Hi Neo4j users and developers,
I've been playing with Neo4j a bit lately; I'm using data from the GHTorrent project (
http://ghtorrent.org) to answer some questions about the relationships between GitHub users and projects. The first thing I did was to import all users as nodes with the type "User", and the following relationship as nodes with type "Follower"- I figured I'd import the data before establishing the relationships between them. Followers have user_id and follower_id; I created indices on each of these, as well as on User.id. I tried to make a FOLLOWS relationship like so:
MATCH (f:Follower),(followee:User),(follower:User)
WHERE f.user_id =
followee.idAND f.follower_id =
follower.idCREATE (follower)-[:FOLLOWS]->(followee)
For a sense of the size of the data involved, there are about 3.7M Users in the dataset, and about 4.8M following relationships.
I ran the above statement, and after a while, I tried an EXPLAIN on it. EXPLAIN explained to me that it was taking the cartesian product of the two users "tables", and then whittling them down. The cartesian product was a gigantic number, and I'm doubting it would ever finish. Is there a better way to go about creating the relationship?

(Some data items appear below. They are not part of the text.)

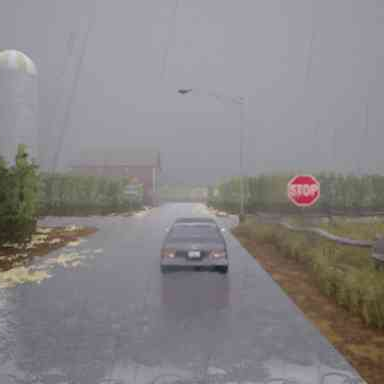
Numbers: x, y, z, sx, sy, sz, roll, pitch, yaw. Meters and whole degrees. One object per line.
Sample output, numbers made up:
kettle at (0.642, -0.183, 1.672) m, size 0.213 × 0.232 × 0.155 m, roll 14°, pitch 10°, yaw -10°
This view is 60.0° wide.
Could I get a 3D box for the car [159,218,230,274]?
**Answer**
car at (0.100, 1.513, 10.382) m, size 2.033 × 1.411 × 5.357 m, roll 0°, pitch 0°, yaw 1°
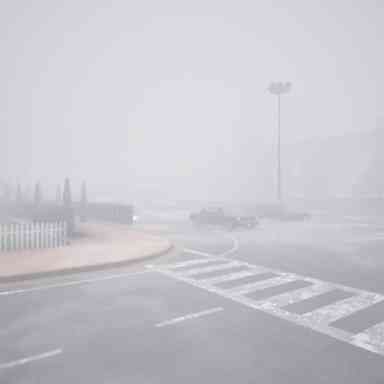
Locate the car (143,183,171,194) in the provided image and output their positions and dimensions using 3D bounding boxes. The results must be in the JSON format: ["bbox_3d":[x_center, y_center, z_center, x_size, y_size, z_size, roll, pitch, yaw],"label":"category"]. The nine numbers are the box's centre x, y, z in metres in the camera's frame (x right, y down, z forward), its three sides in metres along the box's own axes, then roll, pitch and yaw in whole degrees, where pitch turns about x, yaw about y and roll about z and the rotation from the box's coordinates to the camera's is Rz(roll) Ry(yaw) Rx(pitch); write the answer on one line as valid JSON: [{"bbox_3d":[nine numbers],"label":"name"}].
[{"bbox_3d":[-6.587,-0.187,61.303,1.882,1.535,5.008,0,7,-37],"label":"car"}]

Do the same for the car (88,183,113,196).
[{"bbox_3d":[-15.638,-0.424,55.660,2.097,1.767,4.553,0,7,-36],"label":"car"}]

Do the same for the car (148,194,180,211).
[{"bbox_3d":[-3.256,1.377,39.097,1.812,1.442,4.674,0,2,-37],"label":"car"}]

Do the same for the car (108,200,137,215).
[{"bbox_3d":[-6.993,1.503,32.450,1.994,1.385,4.181,0,1,-37],"label":"car"}]

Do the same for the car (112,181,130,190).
[{"bbox_3d":[-14.819,-1.300,66.260,1.882,1.535,5.008,0,7,-37],"label":"car"}]

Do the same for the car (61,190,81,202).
[{"bbox_3d":[-16.057,0.630,44.471,1.837,1.490,4.892,0,7,-37],"label":"car"}]

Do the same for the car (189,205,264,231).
[{"bbox_3d":[1.901,1.601,20.738,1.895,1.301,4.718,0,0,-37],"label":"car"}]

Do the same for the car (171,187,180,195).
[{"bbox_3d":[-4.196,-0.267,63.943,1.882,1.535,5.008,0,7,-37],"label":"car"}]

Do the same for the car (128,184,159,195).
[{"bbox_3d":[-8.555,0.058,57.927,2.033,1.411,5.357,0,6,-37],"label":"car"}]

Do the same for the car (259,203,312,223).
[{"bbox_3d":[6.585,1.545,26.143,2.033,1.411,5.357,0,0,-37],"label":"car"}]

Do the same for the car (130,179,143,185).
[{"bbox_3d":[-12.828,-1.487,69.603,1.882,1.535,5.008,0,7,-37],"label":"car"}]

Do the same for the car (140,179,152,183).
[{"bbox_3d":[-10.504,-1.827,72.186,2.150,2.045,5.566,0,7,-37],"label":"car"}]

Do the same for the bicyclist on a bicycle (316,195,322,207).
[{"bbox_3d":[18.061,1.291,47.375,1.656,1.620,0.582,0,0,-37],"label":"bicyclist on a bicycle"}]
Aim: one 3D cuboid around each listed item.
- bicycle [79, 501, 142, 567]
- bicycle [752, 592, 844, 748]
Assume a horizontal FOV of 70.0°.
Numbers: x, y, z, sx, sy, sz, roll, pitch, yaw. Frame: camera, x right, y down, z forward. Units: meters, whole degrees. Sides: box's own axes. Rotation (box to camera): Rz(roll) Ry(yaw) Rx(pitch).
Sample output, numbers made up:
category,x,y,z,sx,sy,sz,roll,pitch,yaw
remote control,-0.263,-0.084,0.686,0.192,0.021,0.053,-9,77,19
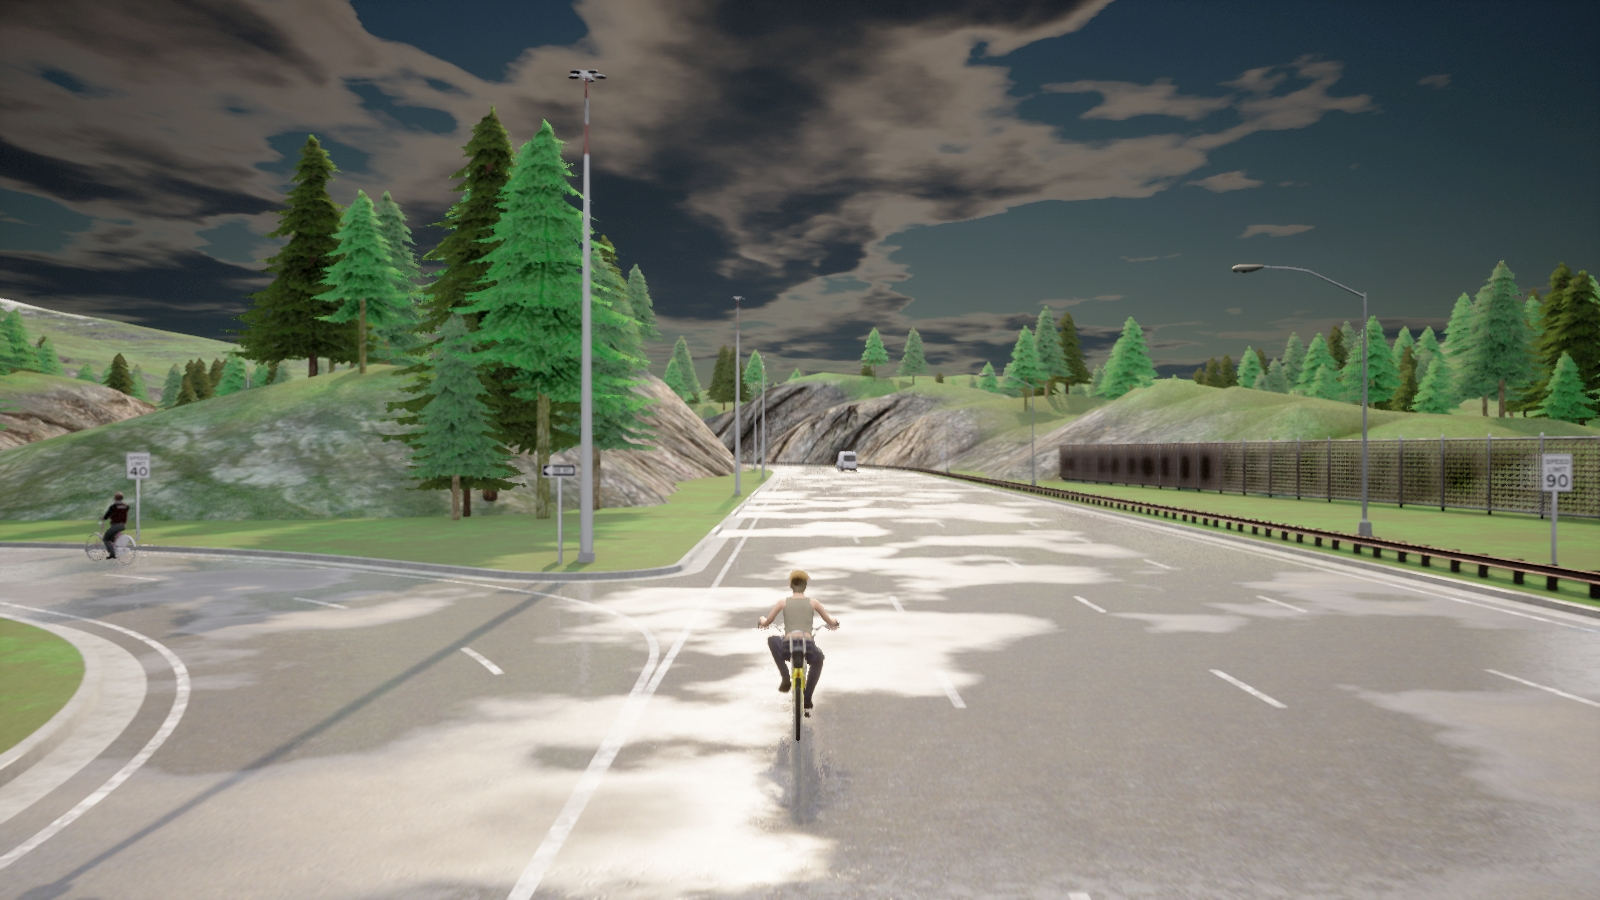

I then had the idea to not create a Follower type, but just create the relationship via the followers CSV load. To do this, I tried removing all follower nodes:
MATCH (n:Follower) DELETE n
This also took some time, until the browser page pointed at Neo4j reported that Neo4j was no longer responding. I was unable to connect via neo4j-shell as well (timeout), and the server didn't respond to SIGTERM or SIGINT, so I had to give it a SIGKILL. Before I killed it, I observed a lot of CPU load on part of the java process. Is there something I'm missing about why Neo4j would freeze up like this?
I'm really a novice at Neo4j, and I am probably improperly applying a lot of knowledge from the RDBMS world. Does anyone have any pointers or advice for what I'm doing?
I'm running Neo4j 2.2.0 on Arch Linux. Please let me know if you need more information from me.
Thanks,
Rob